Somehow your first message to the list on this topic didn't make it to me.
Had to read it in the archives. Anyway, thanks so much. My postscreen
config was generated through a discussion on this list with rob0 some time
ago, as well as his postscreen config (
http://rob0.nodns4.us/howto/postfix/main.cf). Perhaps if he's reading, he
can correct this.

I can't believe I've been whitelisting mass mailers. That's far from what I
would want to be doing. In fact, I'm considering figuring out some
spamassassin rules to better identify them based on the dnswl queries.

Regarding your DNS caching comments, thanks for this too. I hadn't realized
there would be bandwidth savings by having one or two DNS servers that are
queried on the network versus having a local cache on each mail server.
I've always been a bind loyalist, but will consider the powerDNS program if
it doesn't improve.

I've already made the postscreen changes on the systems, and already
noticing fewer DNS queries.

I've also removed swl.spamhaus.org entirely, thanks to a conversation with
spamhaus and comments from Tom Hendrikx about it being discontinued.

Thanks everyone!
Alex


Re: Understanding postscreen timeouts

2014-05-02 Thread /dev/rob0
On Fri, May 02, 2014 at 08:10:18PM -0400, Alex wrote:
 On Fri, May 2, 2014 at 6:45 PM, Stan Hoeppner 
 s...@hardwarefreak.comwrote:
  On 5/2/2014 6:07 AM, Wietse Venema wrote:
   Stan Hoeppner:
   swl.spamhaus.org*-4
   list.dnswl.org=127.[0..255].[0..255].0*-2
   list.dnswl.org=127.[0..255].[0..255].1*-3
   list.dnswl.org=127.[0..255].[0..255].[2..255]*-4
  
   Consolidate these last 3 to something like:
list.dnswl.org=127.0.[2..14].[2..3]*-4
  
   These three will result in one list.dnswl.org query, just like 
   the consolidated one. There is no performance difference.
 
  Correct.  The reason for consolidating these is not to reduce 
  queries.
 
   However, there is a correctness difference. The consolidated 
   form has the same weight 4 for all results, while the original 
   form has different weights.
 
  The consolidated form gives no score to a 4th octet value of 
  [0..1], but gives -4 to [2..3].  This is the key difference.
 
  Alex' form and weights are not correct.  And that is why I posted 
  the link to the return codes.  The second 'octet' is always zero, 
  not a range.  The 3rd octet has a range of 2-15, and the 4th 
  octet a range of 0-3.  Specifying a range of 0-255 or 2-255 to 
  cover the future may have the opposite effect, resulting in 
  potential disaster, depending on how/if/when dnswl changes 
  things.  Such wildcards should not be used.

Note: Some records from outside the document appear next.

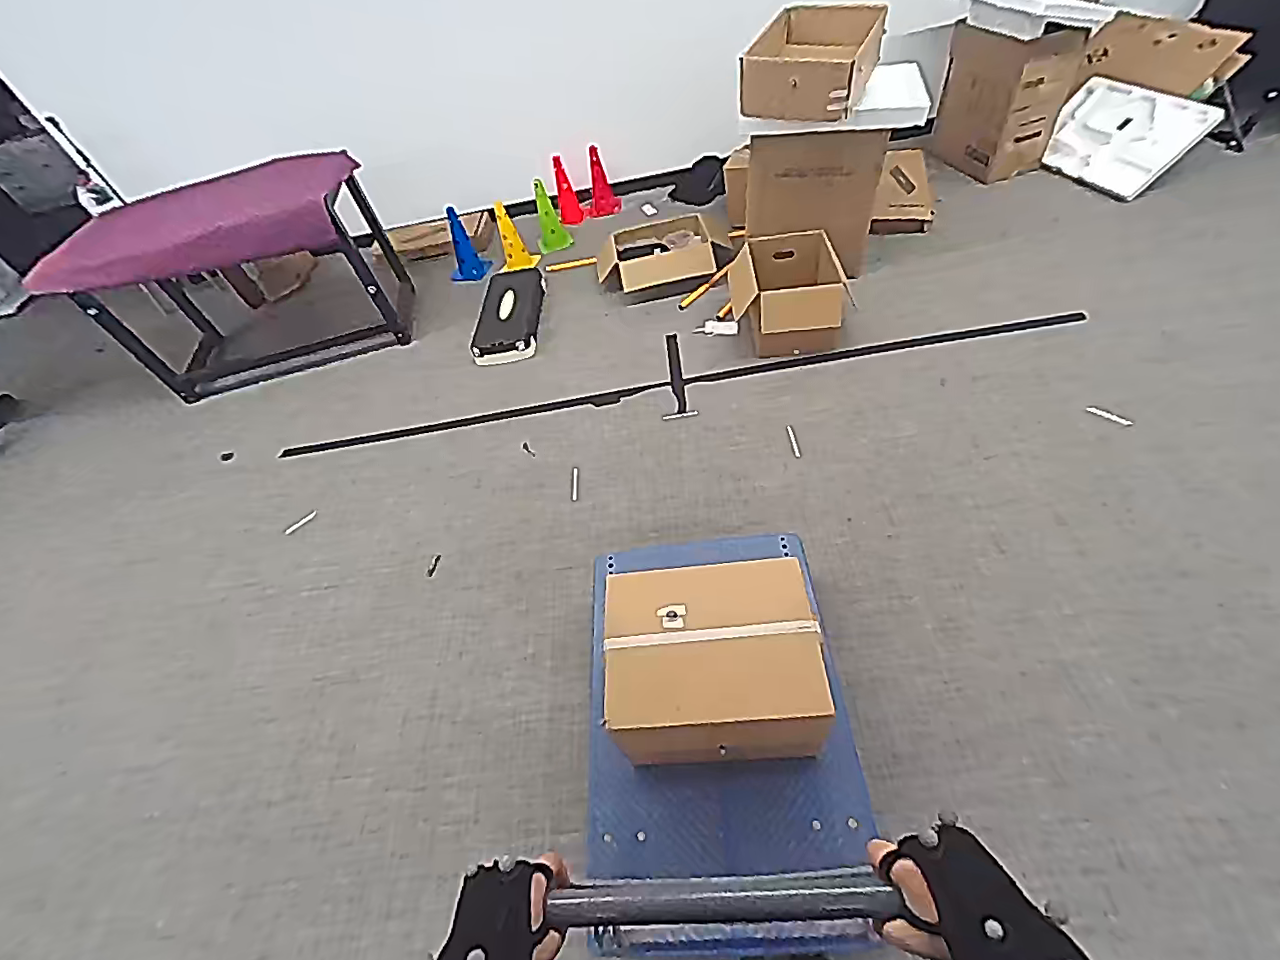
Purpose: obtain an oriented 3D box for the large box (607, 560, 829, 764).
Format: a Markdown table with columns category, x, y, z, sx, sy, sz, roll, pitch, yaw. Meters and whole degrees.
| category | x | y | z | sx | sy | sz | roll | pitch | yaw |
| --- | --- | --- | --- | --- | --- | --- | --- | --- | --- |
| large box | 0.158 | 0.405 | 1.171 | 0.408 | 0.320 | 0.320 | -8 | 50 | 7 |
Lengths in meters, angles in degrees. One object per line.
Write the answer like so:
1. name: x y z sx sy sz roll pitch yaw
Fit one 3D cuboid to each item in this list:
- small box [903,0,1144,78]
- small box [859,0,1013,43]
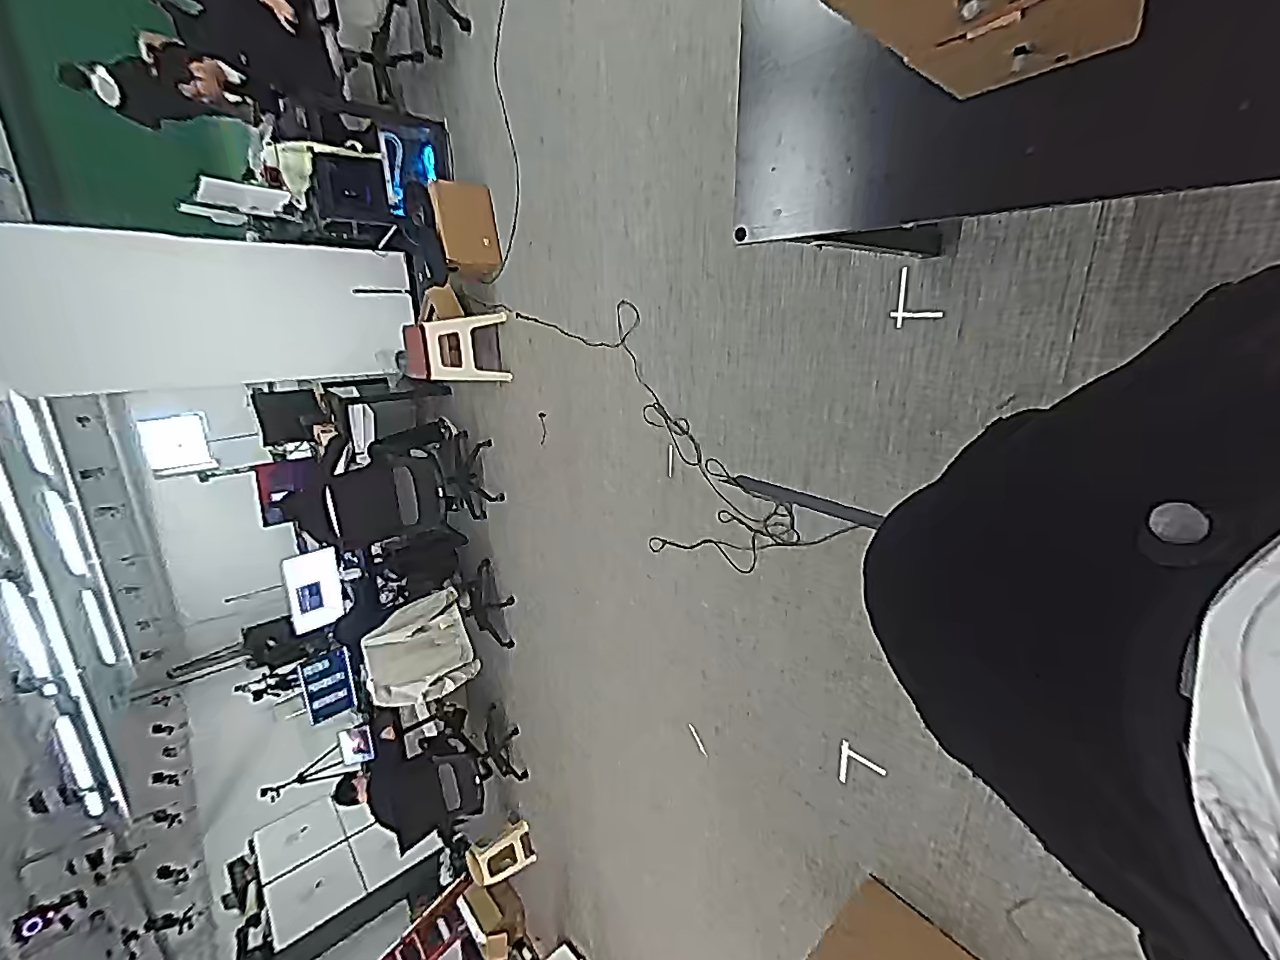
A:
1. small box: 0.382 -0.528 0.529 0.168 0.176 0.179 14 112 49
2. small box: 0.257 -0.499 0.424 0.168 0.176 0.179 11 110 49
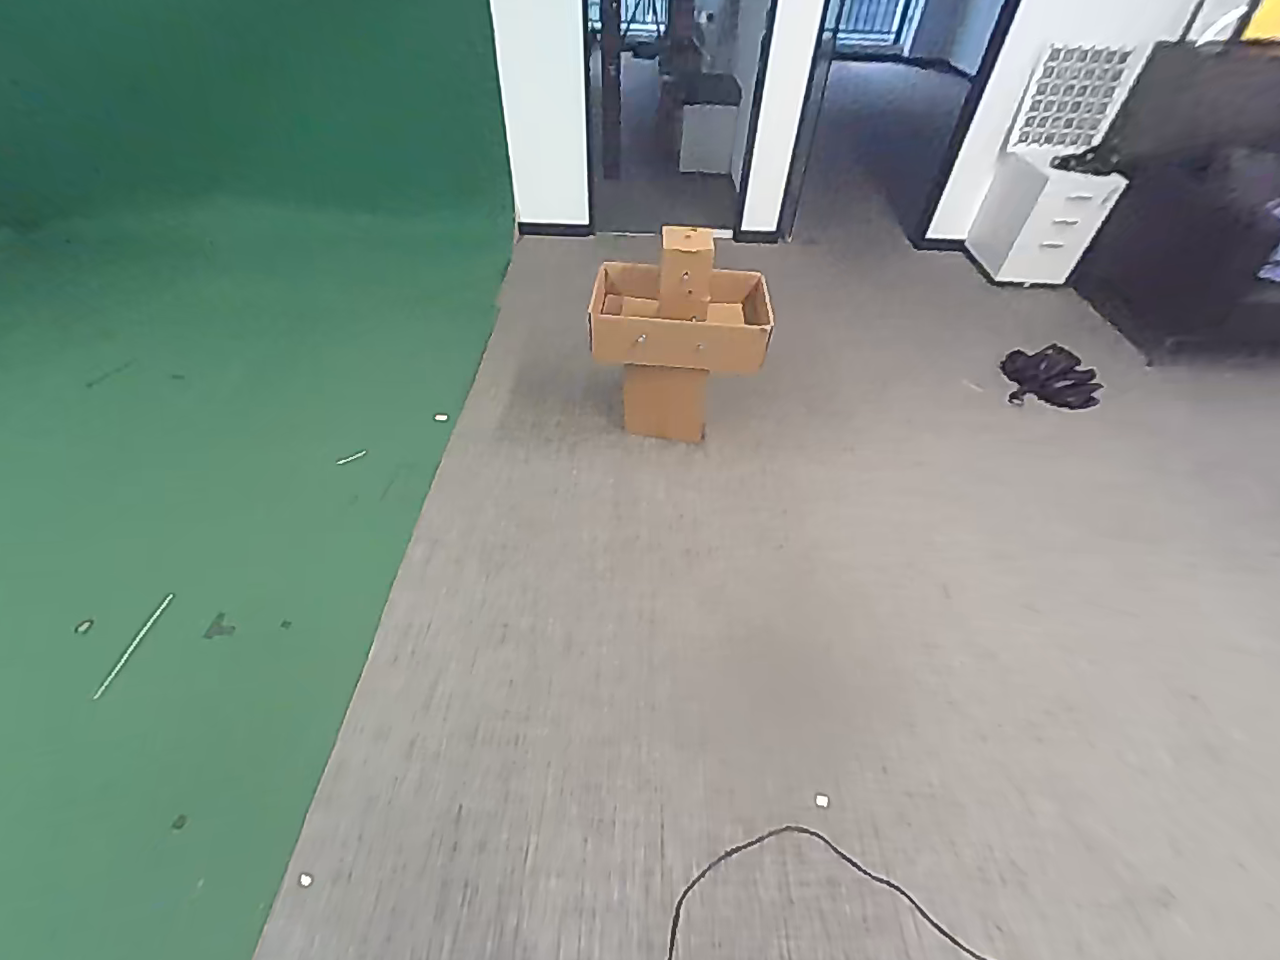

Good point. I thought of this, but did not bother to implement it 
that way. Eventually I will change it.

  A value of 15 in the 3rd octet means the sender is an Email 
  Marketing Provider.  Most people would never whitelist such 
  senders.  Alex currently does.  Most people would give no 
  preference to a 4th octet score of 0 which means no trust.

Well, I whitelist mildly. Do note that this is a whitelist, under 
management by people who, I suppose, don't like spam any more than 
you nor I.

A DNSWL.org return of 127.0.15.0 means an email marketer who is 
nominally trying to limit spam (thus deserving a whitelist entry), 
but who might be doing that well.

A -1 score makes sense. It's not enough to override Zen nor a 
grouping of other DNSBLs, but if that's the only result from 
postscreen_dnsbl_sites, it's enough to bypass the after-220 checks.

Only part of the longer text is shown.